Vaso di Pandora

Di che razza sei

L’infame razzismo rende difficile parlare serenamente di razza. Ma è legittimo interrogarsi sul concetto: i pareri sono discordi.
Per il grande genetista Cavalli Sforza, alle differenze somatiche evidentemente esistenti fra vari gruppi etnici non corrisponde una differenziazione genetica scientificamente dimostrabile, e quindi lo stesso concetto di razza è da superare e respingere. Lasciamo da parte, è evidente, le eventuali differenze psicologiche – intellettive o emotive – frutto di un indecifrabile intreccio fra fattori biologici e sociali.

Dal canto suo Odifreddi, non specialista del campo ma mente acuta, fa notare che negare il concetto di razza incrinerebbe la teoria dell’evoluzione: se la speciazione (ominazione inclusa) nasce da differenze casualmente insorte nella specie preesistente, differenze che poi si mantengono selettivamente e prevalgono perché più funzionali, è difficile pensare che tale speciazione non sia preceduta da una fase intermedia, in cui il nuovo gruppo è ancora vicino al preesistente e con esso incrociabile: possiamo chiamarlo razza o come vogliamo.

E’ certo che comunque le diverse tipologie di umanità sono realtà labili, destinate a sfumarsi grazie agli incroci che qualcuno cerca di ostacolare in nome di una – fra patetica e feroce – “difesa della razza”.

Le differenze si mantengono e possono accentuarsi se di fatto gli incroci vengono ostacolati o impediti.

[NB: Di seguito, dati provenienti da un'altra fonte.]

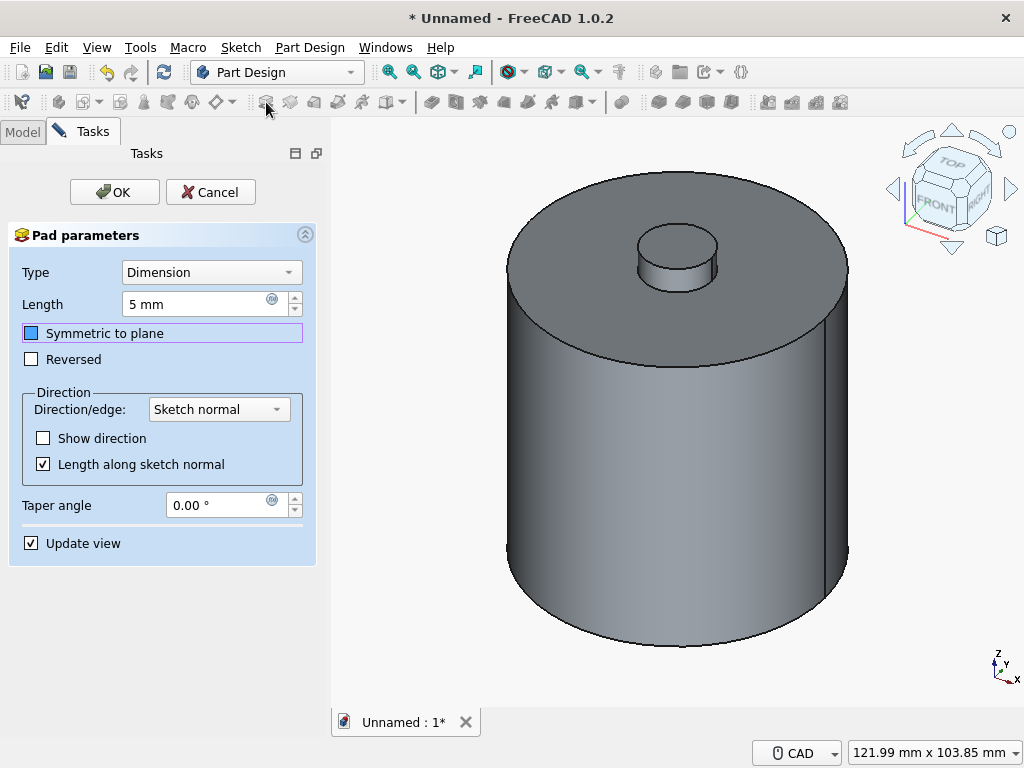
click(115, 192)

Per gli animali domestici, ciò è opera dell’uomo: seleziona così volutamente razze dalle diverse caratteristiche, più un residuo meno differenziato che denomina spregiativamente “bastardo”. Questo è già razzismo: gli animali “di razza” non sono affatto biologicamente superiori, anche se costosi: le varie tipologie hanno semplicemente sviluppato specifici caratteri utili all’uomo padrone: la corsa veloce piuttosto che la forza piuttosto che la docilità piuttosto che la resistenza piuttosto che la bellezza…

Per gli uomini, fondamentalmente questa funzione è stata svolta dall’isolamento geografico, che ha progressivamente accentuato i caratteri differenziali di chi abitava l’Africa profonda, chi l’Australia, chi le Americhe, chi l’Estremo oriente.

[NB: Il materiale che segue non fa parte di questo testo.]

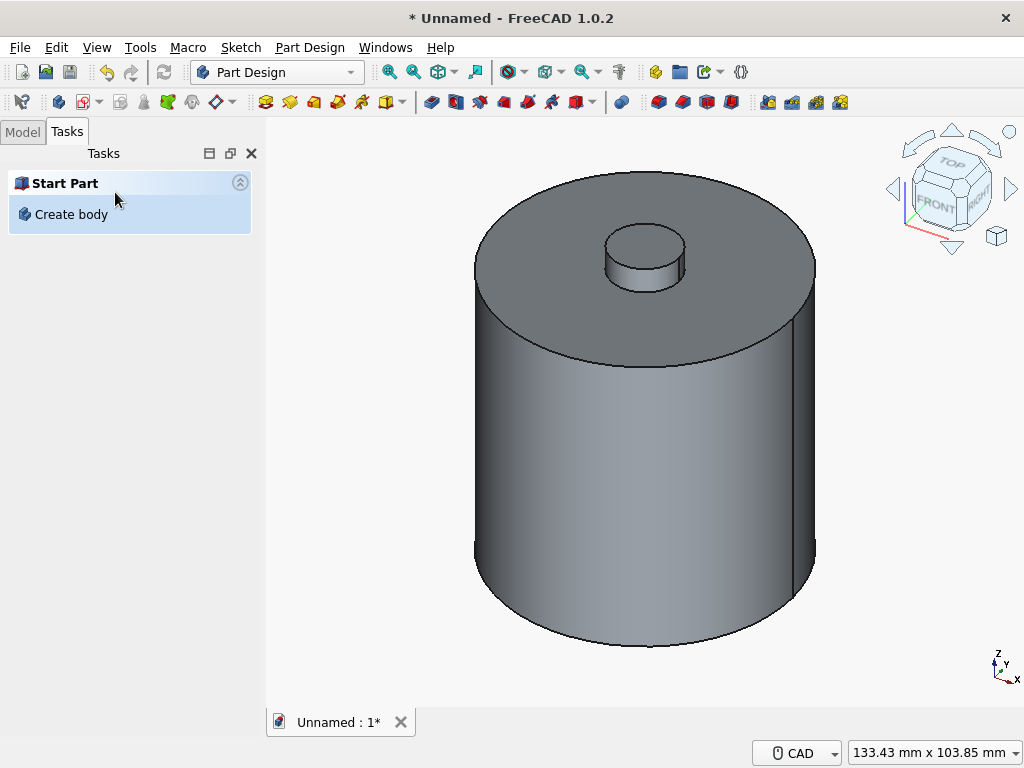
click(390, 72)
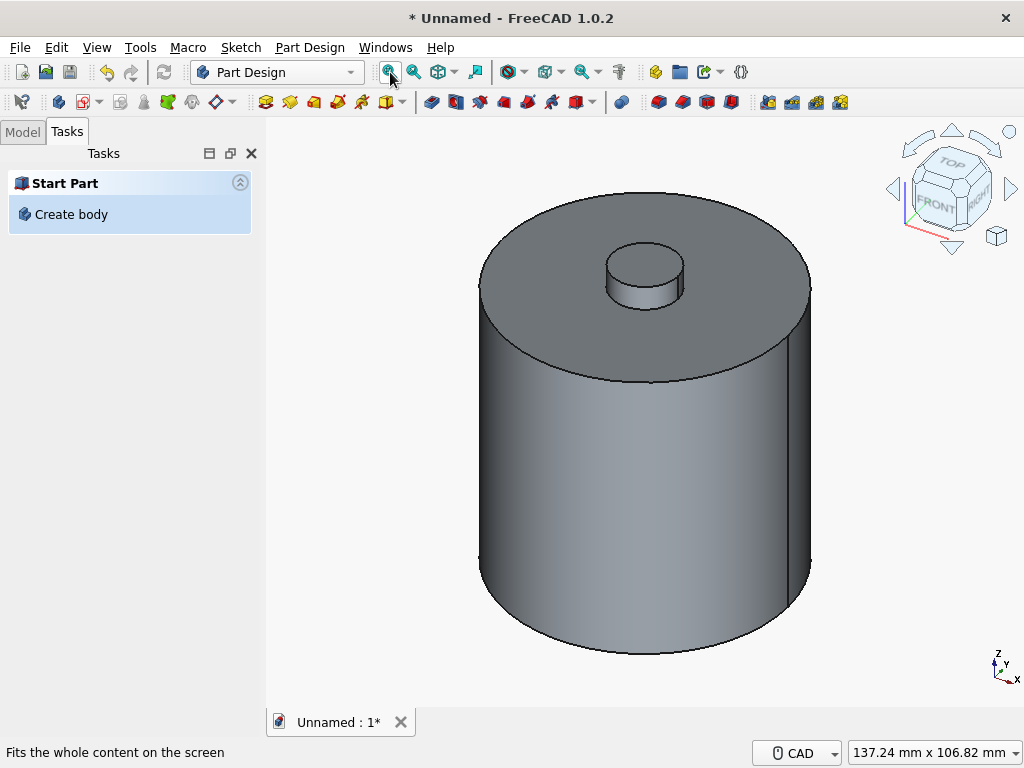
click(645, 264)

Quando ci si è ri-incontrati, è stata forte la tentazione di attribuire a popolazioni con diversi caratteri somatici e diversi costumi forme varie di inferiorità, con quel meccanismo proiettivo cui tanto ricorriamo difensivamente: “io, il “bianco” non sono selvaggio come gli africani e gli indoamericani, né insidioso come i cinesi, né superstizioso come gli indiani che adorano le mucche! Ho il diritto di sottometterli, di usarli come mi pare e, se è il caso, di ucciderli.” I conti quadrano, almeno finchè gli equilibri di forza non cambiano.

L’Europa dell’800, al culmine della sua potenza mondiale, ha tentato una elaborazione teorica di questo atteggiamento, col suo culmine nell’opera di Gobineau, autore di un’opera sulla pretesa fondamentale disuguaglianza delle razze umane, e relativa graduatoria di valori che vedeva al culmine la razza “bianca”, o “europea” o “caucasica”: termine che, un secolo dopo o quasi, il nazismo ha preferito soppiantare con quello di “ariana”. In ogni caso, si ritemeva necessario difendere con tutti i mezzi tale superiorità antropologica, che “doveva” continuare a tradursi in supremazia economica, politica, militare.

Non che la visione europea fosse così monocorde: basta ricordare Conrad (tuttavia proveniente dalla periferia dell’Europa). In “Cuore di tenebra” esprime la complessità dei vissuti di fronte all’altro diverso: turbamento; fascinazione; l’effetto perturbante che nasce – insegna Freud – dal sovrapporsi di ciò che è alieno a ciò che è nostro; la compassione; la colpa. E narra infine il bisogno – tipico della società vittoriana ma a noi non estraneo – di fare quadrare i conti anche ipocritamente: l’ultima parola del co-protagonista è “orrore”, ma alla sua compagna questa parola viene risparmiata dal protagonista, che ricorre con successo a un sentimentalismo d’accatto: “l’ultima parola sua fu …il suo nome”. Tutto va a posto.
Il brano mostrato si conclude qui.